I would recommend it even more to someone who doesn’t surf but wants to understand people who surf a bit better.
It tells you about a childhood, were boys were still allowed to brawl, get hurt, and learn how to deal with it. It’s about growing up in a harsh world, preparing for real Barbarian Days. The book holds stories for you about the old days in Hawaii and gives you an idea of how it has changed. It shows you the way of someone who decides to follow his dreams, rather than going down a well-paved path that society wants you to believe you have to “choose”.

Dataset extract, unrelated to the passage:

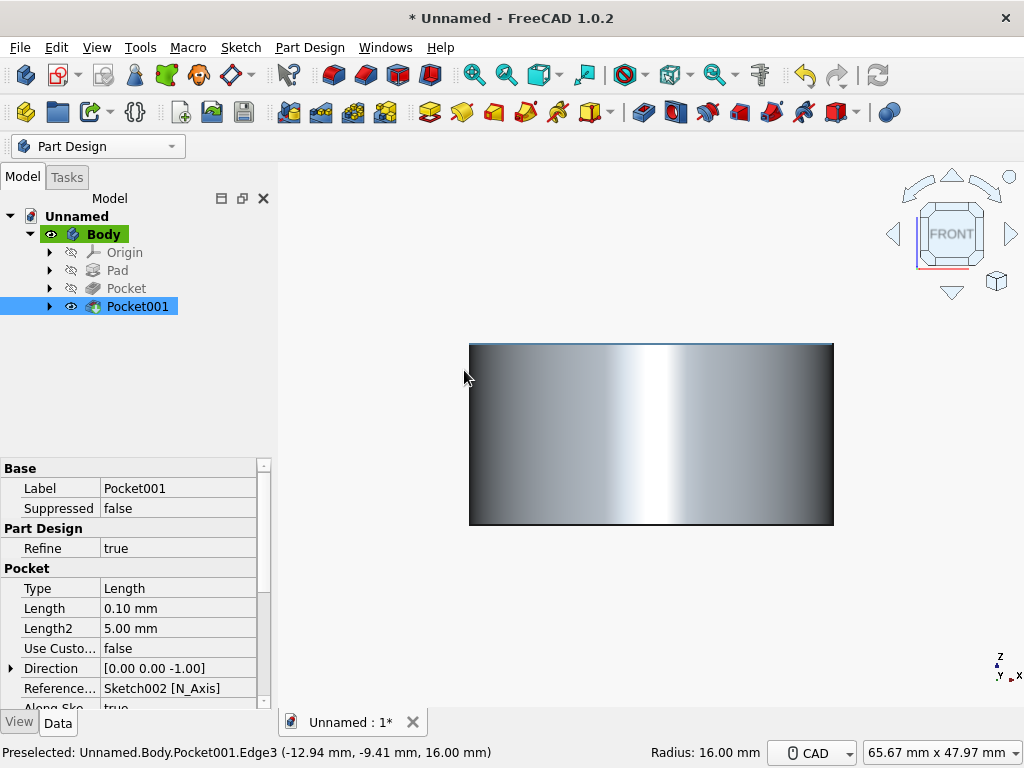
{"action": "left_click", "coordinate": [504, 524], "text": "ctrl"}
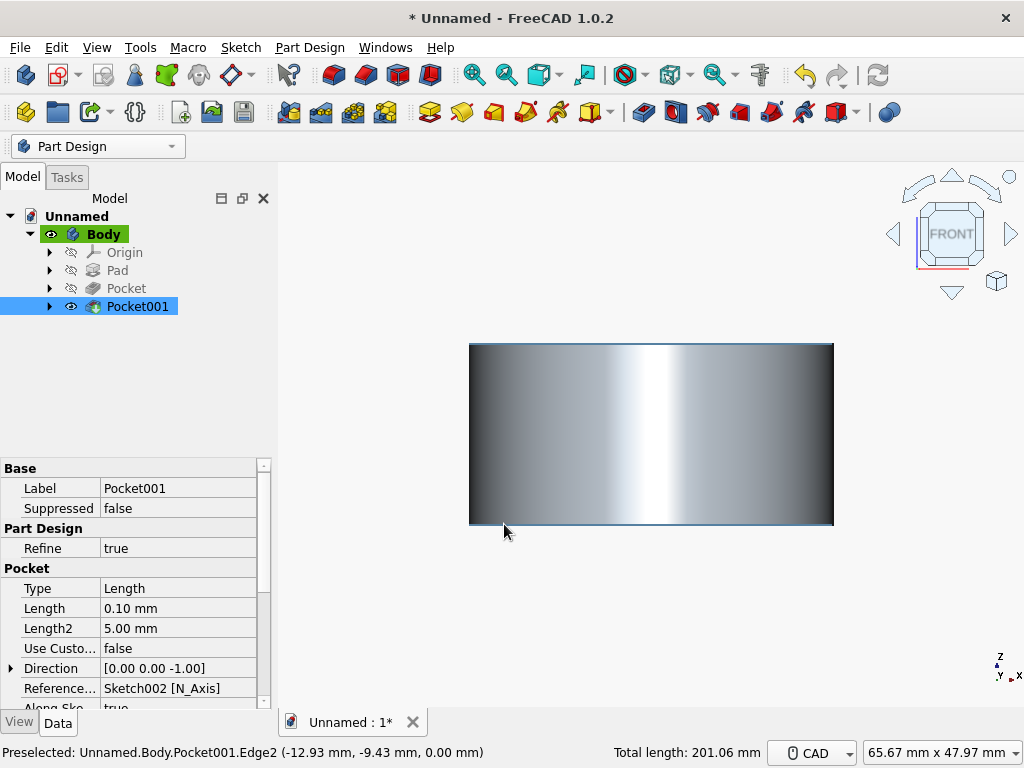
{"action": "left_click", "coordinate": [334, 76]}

Barbarian Days tells the tale of how someone puts so much effort into something he wants and finds his own way through life. (Winning a Pulitzer Prize is more than a statement of achievement and success after all). It’s full of anecdotes about waves you’ve seen a thousand times on pictures but didn’t know how it was to surf them before they became well known. How misery and euphoria can be twins, and how there’s always a way… if you’re willing to find your own way.
It has enough unbelievable stories between its covers to make it another terrible Hollywood try to make a surf movie (please not!), but thanks to William Finnegan’s well-polished style of writing, it seriously feels like one of those brush fire encounters…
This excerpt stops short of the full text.